Große Schnittmenge zwischen Gesundheitsförderung und Arbeitsmarktintegration
Eine hohe Selbstwirksamkeitsüberzeugung ist zentrale Voraussetzung eines gelingenden Lebens. Selbstwirksamkeit erhöht nicht nur die Chancen, eine Arbeit zu finden und zu behalten; sie hilft auch, ein zufriedeneres und damit gesünderes Leben zu führen. Das ist die implizite Gesundheitsförderung durch den SVC-Kurs. Kursteilnehmende, die wieder Hoffnung und ein motivierendes (auch berufliches) Ziel haben, sind allerdings auch eher bereit, sich eigenen gesundheitlichen Problemen zu stellen. Diese werden oft erst deutlich, wenn sie als Hürde auf dem Weg zum eigenen Ziel relevant werden. Solche (und andere) Hürden oder Stolpersteine werden im SVC-Kurs systematisch benannt und bearbeitet. Das ist, zusammen mit Entspannungsübungen, Bewegungsangeboten und optionalen Ernährungstipps, die explizite Gesundheitsförderung durch den SVC-Kurs.

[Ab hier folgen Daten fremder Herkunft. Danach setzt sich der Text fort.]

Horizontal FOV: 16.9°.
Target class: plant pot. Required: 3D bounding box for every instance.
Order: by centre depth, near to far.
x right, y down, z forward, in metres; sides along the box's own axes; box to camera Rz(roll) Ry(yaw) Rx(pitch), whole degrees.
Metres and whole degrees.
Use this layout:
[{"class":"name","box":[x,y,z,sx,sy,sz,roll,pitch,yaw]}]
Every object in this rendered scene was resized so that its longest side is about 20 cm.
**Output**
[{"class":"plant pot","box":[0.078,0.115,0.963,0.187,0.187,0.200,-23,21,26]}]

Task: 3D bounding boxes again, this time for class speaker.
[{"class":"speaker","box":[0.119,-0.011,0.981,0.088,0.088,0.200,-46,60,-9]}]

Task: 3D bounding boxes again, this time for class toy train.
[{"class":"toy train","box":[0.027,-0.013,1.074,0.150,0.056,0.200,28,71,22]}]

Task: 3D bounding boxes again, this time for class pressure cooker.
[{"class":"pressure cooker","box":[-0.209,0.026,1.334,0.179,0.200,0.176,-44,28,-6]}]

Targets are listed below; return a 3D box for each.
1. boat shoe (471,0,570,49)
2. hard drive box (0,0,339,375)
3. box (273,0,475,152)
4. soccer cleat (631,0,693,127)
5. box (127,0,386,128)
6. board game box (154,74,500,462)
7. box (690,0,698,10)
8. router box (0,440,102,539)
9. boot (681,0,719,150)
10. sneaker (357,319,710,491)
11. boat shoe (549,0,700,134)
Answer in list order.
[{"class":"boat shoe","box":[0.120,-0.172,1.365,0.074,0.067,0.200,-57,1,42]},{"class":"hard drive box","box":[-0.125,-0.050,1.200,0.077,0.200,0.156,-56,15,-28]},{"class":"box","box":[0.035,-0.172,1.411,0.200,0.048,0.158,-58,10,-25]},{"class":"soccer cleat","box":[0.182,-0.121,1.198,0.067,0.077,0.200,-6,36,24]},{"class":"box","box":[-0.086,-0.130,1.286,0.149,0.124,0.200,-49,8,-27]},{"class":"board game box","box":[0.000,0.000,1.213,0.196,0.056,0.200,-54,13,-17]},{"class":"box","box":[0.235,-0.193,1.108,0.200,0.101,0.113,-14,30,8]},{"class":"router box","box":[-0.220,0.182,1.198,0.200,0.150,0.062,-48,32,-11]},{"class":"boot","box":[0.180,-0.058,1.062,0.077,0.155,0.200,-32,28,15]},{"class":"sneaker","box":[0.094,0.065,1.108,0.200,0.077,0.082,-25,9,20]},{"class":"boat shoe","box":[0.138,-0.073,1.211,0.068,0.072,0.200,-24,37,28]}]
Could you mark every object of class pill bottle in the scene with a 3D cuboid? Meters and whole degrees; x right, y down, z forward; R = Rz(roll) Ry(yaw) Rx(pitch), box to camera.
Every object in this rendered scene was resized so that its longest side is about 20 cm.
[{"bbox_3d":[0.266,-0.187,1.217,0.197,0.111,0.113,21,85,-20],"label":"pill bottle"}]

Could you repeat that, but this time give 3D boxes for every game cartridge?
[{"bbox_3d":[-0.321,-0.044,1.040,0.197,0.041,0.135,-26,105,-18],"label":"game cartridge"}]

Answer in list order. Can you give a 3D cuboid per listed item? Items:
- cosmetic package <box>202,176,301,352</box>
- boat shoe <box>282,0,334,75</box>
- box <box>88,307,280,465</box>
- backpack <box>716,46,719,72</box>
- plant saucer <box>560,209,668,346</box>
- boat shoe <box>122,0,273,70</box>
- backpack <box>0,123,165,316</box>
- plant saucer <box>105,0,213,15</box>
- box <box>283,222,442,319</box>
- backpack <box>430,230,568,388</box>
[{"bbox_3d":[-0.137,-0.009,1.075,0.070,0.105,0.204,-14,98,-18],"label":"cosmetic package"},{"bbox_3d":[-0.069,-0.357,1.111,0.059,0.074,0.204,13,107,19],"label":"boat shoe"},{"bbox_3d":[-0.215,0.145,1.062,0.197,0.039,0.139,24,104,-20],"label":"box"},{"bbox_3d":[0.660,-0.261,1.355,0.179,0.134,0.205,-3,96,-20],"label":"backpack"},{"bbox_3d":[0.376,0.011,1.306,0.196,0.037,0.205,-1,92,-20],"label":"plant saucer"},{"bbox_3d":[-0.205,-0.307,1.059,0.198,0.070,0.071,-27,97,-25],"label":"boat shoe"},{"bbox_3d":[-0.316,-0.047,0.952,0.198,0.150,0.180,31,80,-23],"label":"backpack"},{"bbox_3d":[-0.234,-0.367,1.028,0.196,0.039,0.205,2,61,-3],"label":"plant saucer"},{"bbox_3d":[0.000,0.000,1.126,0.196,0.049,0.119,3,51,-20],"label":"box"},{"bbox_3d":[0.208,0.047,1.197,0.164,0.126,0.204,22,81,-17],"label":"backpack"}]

Im Eckpunkte-Papier der BZgA, „Gemeinsam handeln: Gesundheitsförderung bei Arbeitslosen“, wird eine Verzahnung von Gesundheits- und Beschäftigungsförderung postuliert (Eckpunkt 3). Diese Verzahnung ist im SVC-Prozess auf methodischer Ebene angelegt. Die Forderung nach Orientierung an den Stärken und Fähigkeiten, nach Wertschätzung, vorurteilsfreier, unterstützender und respektvoller Begegnung und Transparenz (Eckpunkt 7) sind hier ebenso verwirklicht. Für die Struktur der Arbeitsmarktförderung dürften hier die größten Herausforderungen liegen.
Selbstvermittlungscoaching kann man lernen, sowohl den methodischen Aufbau und Ablauf als auch die wertschätzende Haltung und Arbeitsweise als Coach. Ein erster Zertifikatskurs wurde bereits erfolgreich durchgeführt, ein zweiter (6 x 3 Tage) beginnt am 16. Oktober 2013.
- Eine Zusammenfassung der Evaluationsergebnisse des Modellprojekts finden Sie hier (PDF-Datei, 170kB). Gesundheitsaspekte wurden bisher nicht explizit untersucht.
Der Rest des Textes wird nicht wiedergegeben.